Looking through the records below, please work out how many lines contain "UNIT". Give only that number.
★ ★ ★ ★
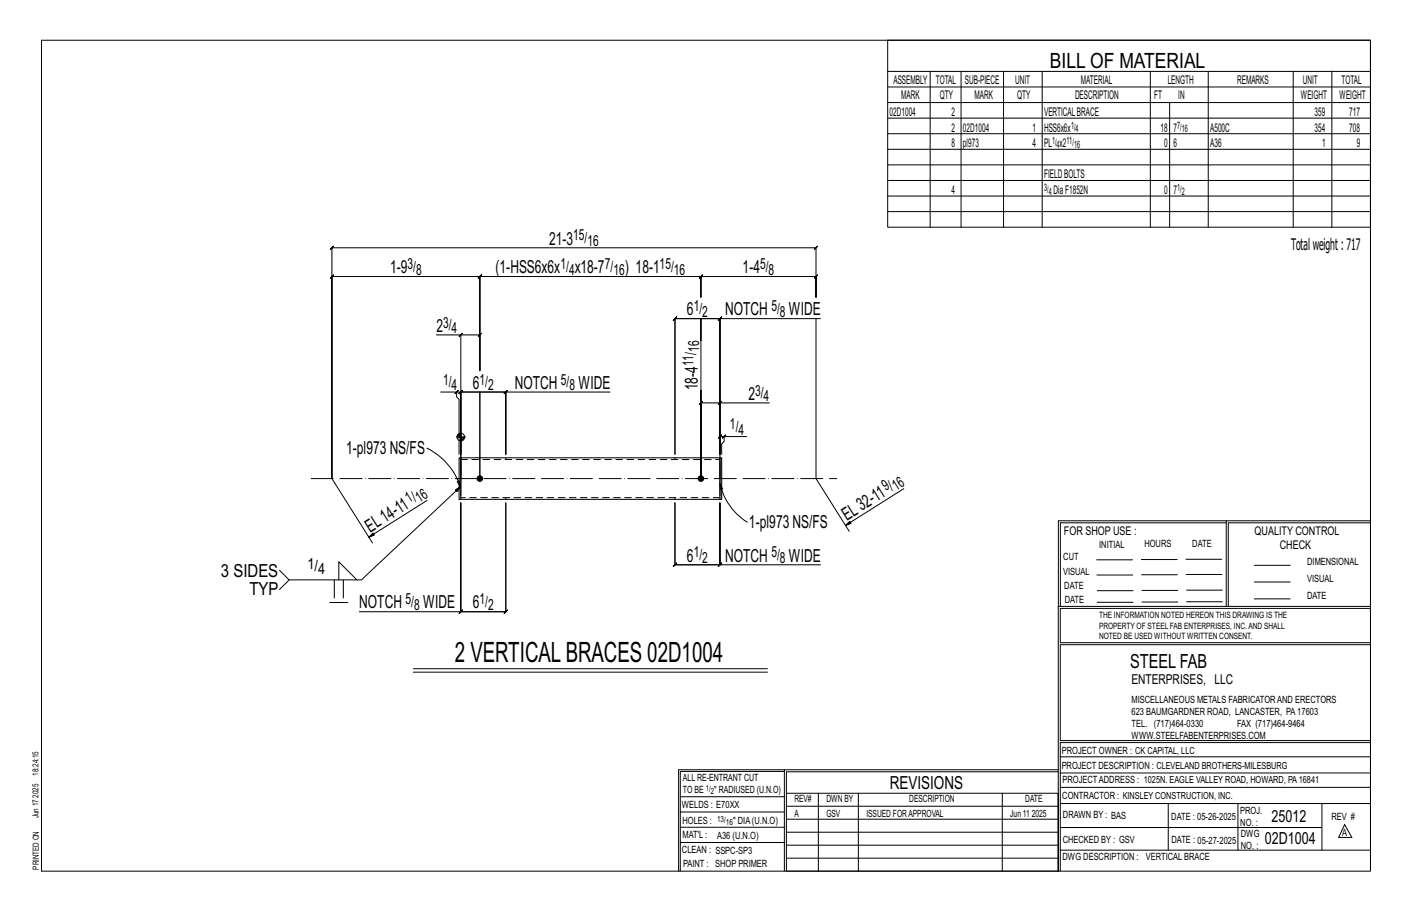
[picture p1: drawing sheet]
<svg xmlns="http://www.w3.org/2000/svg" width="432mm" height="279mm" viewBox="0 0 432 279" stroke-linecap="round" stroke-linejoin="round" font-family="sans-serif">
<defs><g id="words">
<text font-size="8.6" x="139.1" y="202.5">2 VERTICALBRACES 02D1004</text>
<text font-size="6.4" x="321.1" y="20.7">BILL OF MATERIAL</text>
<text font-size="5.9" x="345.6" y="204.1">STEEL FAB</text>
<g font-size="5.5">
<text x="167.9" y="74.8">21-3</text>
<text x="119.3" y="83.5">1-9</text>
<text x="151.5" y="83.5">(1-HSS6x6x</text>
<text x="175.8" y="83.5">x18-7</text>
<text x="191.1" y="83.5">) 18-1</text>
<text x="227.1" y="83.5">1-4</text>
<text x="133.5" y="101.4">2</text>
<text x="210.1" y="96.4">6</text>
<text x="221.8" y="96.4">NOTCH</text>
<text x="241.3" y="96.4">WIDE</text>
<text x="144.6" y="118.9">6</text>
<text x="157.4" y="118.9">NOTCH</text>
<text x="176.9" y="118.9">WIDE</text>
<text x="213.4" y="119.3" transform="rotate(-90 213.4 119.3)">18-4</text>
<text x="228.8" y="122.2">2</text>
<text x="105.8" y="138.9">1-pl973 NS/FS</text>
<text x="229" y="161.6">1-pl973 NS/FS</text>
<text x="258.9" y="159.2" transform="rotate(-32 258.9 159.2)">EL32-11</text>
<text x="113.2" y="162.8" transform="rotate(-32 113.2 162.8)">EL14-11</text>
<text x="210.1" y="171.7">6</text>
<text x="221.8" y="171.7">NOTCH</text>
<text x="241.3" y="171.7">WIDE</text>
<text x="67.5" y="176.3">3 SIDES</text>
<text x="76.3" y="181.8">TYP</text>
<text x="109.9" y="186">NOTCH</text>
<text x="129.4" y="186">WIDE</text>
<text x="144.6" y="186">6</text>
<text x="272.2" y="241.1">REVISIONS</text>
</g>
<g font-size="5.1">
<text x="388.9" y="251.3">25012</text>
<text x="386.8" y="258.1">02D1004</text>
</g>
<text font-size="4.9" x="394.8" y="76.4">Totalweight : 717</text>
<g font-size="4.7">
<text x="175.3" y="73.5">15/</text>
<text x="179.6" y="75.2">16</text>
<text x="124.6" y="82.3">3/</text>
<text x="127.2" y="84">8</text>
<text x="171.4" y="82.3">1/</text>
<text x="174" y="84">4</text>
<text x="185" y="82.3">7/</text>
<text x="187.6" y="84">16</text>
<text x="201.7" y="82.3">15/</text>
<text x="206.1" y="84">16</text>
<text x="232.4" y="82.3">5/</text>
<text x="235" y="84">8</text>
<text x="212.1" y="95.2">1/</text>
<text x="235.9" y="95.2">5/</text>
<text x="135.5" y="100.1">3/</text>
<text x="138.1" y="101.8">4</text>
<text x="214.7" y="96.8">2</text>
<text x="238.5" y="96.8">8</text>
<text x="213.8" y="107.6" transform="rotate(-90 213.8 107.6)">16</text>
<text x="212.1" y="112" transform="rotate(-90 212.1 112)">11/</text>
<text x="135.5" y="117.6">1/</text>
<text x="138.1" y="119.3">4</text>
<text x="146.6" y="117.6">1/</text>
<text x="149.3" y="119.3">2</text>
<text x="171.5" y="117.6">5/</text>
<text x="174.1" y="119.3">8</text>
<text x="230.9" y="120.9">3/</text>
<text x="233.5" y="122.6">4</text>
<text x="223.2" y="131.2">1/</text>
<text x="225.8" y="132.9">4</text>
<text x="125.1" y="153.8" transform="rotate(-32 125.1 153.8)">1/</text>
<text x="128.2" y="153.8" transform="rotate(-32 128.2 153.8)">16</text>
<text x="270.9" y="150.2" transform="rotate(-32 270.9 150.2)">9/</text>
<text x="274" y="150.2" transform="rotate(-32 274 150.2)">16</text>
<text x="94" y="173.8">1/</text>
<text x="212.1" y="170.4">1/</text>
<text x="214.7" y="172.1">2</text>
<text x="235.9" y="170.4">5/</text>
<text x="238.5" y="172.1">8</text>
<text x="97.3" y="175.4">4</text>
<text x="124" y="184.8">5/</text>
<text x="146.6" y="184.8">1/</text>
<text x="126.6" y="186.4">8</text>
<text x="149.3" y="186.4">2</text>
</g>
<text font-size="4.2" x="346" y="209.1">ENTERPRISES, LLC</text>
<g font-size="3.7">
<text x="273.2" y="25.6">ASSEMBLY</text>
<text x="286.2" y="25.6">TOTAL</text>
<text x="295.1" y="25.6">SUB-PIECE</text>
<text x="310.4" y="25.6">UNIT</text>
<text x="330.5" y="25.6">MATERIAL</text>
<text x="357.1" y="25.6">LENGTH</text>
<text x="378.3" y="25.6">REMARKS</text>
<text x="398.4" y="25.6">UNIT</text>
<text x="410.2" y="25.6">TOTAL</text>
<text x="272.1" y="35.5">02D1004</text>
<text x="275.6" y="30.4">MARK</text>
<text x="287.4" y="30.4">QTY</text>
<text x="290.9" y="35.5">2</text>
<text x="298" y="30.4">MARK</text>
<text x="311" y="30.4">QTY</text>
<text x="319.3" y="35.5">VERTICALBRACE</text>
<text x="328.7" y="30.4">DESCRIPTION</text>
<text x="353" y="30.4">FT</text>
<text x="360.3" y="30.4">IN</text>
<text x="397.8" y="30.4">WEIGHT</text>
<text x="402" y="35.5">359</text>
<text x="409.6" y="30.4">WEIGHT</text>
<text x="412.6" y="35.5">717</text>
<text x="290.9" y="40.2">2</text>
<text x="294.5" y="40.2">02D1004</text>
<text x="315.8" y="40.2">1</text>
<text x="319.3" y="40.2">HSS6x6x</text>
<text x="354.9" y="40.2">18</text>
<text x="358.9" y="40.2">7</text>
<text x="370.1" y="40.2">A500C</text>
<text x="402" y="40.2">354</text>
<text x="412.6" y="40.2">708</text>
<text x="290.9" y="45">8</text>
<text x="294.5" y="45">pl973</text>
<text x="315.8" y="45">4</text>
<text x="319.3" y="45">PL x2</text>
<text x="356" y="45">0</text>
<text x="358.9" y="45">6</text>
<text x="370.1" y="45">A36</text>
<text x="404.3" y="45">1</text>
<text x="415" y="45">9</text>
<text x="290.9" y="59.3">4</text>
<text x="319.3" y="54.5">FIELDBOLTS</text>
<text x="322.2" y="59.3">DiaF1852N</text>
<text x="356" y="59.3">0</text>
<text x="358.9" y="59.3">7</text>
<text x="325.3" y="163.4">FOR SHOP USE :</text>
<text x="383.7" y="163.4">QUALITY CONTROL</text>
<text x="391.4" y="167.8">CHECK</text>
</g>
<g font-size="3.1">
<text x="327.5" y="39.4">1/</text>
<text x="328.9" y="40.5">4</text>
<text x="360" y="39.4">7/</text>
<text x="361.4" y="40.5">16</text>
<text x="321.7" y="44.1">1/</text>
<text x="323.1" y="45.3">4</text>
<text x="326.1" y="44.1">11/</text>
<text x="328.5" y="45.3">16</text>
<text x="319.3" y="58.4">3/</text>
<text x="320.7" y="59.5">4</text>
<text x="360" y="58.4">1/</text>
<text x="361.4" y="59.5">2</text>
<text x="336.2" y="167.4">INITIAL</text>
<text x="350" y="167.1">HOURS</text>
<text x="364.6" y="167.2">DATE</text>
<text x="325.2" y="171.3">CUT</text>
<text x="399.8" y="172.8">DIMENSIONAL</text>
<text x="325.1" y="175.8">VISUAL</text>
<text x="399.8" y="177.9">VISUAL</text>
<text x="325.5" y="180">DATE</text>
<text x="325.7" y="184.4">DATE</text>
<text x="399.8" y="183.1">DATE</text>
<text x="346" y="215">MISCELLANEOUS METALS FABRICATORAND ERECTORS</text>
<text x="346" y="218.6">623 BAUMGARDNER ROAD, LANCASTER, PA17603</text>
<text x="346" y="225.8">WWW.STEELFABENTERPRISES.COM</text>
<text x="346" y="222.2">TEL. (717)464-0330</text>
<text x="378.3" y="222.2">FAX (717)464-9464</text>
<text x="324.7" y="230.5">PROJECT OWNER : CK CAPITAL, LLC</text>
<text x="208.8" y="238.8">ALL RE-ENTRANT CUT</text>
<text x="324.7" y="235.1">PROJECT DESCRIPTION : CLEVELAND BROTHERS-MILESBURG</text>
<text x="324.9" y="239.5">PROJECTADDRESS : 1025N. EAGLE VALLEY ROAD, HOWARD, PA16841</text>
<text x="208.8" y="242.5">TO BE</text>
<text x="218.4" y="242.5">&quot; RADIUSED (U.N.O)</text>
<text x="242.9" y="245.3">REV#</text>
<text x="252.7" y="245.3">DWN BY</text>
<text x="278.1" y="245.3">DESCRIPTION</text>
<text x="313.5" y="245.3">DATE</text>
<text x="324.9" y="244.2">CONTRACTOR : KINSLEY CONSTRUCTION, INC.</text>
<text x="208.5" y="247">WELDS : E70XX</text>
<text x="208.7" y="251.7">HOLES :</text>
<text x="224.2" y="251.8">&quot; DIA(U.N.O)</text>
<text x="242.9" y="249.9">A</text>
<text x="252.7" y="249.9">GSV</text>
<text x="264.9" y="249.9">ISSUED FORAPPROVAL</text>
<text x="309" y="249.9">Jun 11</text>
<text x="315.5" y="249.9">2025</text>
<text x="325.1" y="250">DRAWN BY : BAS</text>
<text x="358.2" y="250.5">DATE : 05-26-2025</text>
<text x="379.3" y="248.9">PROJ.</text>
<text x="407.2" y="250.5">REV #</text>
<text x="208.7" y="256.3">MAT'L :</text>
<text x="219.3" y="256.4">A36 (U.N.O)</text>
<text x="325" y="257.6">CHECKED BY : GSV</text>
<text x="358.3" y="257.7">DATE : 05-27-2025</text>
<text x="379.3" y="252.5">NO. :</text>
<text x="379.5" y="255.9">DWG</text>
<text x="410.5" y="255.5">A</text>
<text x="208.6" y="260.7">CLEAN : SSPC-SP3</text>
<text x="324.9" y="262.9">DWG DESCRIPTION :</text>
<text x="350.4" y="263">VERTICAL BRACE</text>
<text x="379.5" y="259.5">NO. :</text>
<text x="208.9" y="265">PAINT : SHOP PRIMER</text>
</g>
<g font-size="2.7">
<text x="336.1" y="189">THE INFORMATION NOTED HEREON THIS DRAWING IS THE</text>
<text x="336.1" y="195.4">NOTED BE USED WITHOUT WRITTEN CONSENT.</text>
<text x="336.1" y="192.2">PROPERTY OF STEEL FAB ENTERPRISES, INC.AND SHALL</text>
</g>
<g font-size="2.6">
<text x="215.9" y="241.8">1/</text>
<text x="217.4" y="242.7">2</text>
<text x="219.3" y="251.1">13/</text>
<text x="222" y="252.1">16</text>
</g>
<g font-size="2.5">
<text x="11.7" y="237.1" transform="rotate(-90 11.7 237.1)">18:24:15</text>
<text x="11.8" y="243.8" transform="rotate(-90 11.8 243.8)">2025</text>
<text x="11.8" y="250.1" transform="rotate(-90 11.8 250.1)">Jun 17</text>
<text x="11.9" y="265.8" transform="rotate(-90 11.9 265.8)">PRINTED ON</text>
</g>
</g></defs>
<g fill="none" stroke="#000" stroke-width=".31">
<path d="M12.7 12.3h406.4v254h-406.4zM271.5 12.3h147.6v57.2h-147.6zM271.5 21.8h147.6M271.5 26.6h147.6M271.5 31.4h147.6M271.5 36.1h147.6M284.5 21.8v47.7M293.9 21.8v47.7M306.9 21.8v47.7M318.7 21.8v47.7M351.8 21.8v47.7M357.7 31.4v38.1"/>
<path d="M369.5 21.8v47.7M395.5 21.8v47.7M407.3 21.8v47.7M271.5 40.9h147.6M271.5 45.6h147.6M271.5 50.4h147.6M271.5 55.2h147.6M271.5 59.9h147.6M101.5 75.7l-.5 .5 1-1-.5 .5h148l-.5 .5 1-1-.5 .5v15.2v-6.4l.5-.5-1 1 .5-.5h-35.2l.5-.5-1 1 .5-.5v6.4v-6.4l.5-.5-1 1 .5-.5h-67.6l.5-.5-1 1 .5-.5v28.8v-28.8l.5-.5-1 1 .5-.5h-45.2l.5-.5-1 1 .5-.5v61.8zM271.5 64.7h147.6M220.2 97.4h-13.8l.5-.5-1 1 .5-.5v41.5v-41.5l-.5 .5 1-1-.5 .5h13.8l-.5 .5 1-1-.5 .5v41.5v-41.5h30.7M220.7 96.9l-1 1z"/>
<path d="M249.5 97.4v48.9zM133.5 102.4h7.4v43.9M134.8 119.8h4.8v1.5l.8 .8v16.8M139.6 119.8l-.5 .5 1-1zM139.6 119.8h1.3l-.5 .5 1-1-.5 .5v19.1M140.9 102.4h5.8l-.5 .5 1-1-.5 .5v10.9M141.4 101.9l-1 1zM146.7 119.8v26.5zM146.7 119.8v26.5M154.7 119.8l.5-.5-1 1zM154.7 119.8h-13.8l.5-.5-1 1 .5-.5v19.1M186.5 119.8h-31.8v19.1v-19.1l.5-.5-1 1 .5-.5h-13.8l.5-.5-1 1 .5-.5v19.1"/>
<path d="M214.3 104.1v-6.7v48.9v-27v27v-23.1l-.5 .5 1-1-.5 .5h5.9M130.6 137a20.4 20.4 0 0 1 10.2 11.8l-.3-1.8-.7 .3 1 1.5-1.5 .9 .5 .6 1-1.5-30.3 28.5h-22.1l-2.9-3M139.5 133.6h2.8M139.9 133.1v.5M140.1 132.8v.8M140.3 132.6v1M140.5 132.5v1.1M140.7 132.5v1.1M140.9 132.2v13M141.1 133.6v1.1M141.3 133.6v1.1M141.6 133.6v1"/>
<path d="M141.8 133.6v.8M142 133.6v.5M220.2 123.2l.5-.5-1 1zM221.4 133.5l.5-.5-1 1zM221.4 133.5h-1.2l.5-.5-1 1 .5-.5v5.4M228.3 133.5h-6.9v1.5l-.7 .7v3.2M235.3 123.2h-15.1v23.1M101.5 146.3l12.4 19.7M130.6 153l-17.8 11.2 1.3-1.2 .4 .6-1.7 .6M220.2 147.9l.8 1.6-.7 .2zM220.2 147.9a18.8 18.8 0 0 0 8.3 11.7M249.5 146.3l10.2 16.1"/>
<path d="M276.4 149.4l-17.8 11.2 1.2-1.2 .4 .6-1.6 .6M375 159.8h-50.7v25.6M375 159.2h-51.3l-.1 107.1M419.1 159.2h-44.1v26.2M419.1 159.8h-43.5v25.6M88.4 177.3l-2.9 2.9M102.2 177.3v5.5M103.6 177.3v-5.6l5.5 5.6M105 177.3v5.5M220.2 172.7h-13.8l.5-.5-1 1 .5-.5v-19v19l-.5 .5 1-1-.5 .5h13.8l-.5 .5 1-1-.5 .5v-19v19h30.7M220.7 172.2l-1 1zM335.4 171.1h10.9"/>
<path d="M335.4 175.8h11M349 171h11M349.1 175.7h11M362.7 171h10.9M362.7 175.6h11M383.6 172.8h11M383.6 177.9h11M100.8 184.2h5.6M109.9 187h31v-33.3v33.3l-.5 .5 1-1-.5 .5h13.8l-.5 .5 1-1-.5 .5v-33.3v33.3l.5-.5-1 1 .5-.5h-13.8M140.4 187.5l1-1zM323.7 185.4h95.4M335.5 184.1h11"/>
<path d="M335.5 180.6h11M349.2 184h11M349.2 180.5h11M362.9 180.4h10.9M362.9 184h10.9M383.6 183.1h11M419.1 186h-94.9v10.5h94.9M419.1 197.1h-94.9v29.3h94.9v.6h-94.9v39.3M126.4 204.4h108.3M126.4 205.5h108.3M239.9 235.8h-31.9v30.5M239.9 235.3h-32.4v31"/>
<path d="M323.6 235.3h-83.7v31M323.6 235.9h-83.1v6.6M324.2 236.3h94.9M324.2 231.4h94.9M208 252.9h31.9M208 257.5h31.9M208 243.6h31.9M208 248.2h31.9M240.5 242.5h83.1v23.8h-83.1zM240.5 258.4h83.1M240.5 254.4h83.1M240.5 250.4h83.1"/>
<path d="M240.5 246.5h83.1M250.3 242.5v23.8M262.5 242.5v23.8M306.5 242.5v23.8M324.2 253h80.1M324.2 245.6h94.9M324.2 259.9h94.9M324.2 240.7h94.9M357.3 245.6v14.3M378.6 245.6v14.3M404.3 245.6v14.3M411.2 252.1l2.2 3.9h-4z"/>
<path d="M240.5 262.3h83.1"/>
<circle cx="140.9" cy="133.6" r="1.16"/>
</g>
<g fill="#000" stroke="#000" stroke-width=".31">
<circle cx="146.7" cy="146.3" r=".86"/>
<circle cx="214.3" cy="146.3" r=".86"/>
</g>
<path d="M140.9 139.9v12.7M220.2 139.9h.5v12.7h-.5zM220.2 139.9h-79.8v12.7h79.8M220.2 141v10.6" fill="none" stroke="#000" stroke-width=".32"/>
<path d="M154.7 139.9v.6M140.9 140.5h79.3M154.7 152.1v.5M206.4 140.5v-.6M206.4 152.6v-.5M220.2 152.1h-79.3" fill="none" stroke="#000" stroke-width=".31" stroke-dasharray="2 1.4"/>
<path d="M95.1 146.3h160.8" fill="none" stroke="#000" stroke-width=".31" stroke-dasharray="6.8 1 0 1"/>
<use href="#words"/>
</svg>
★ ★ ★ ★
## Expected answer
2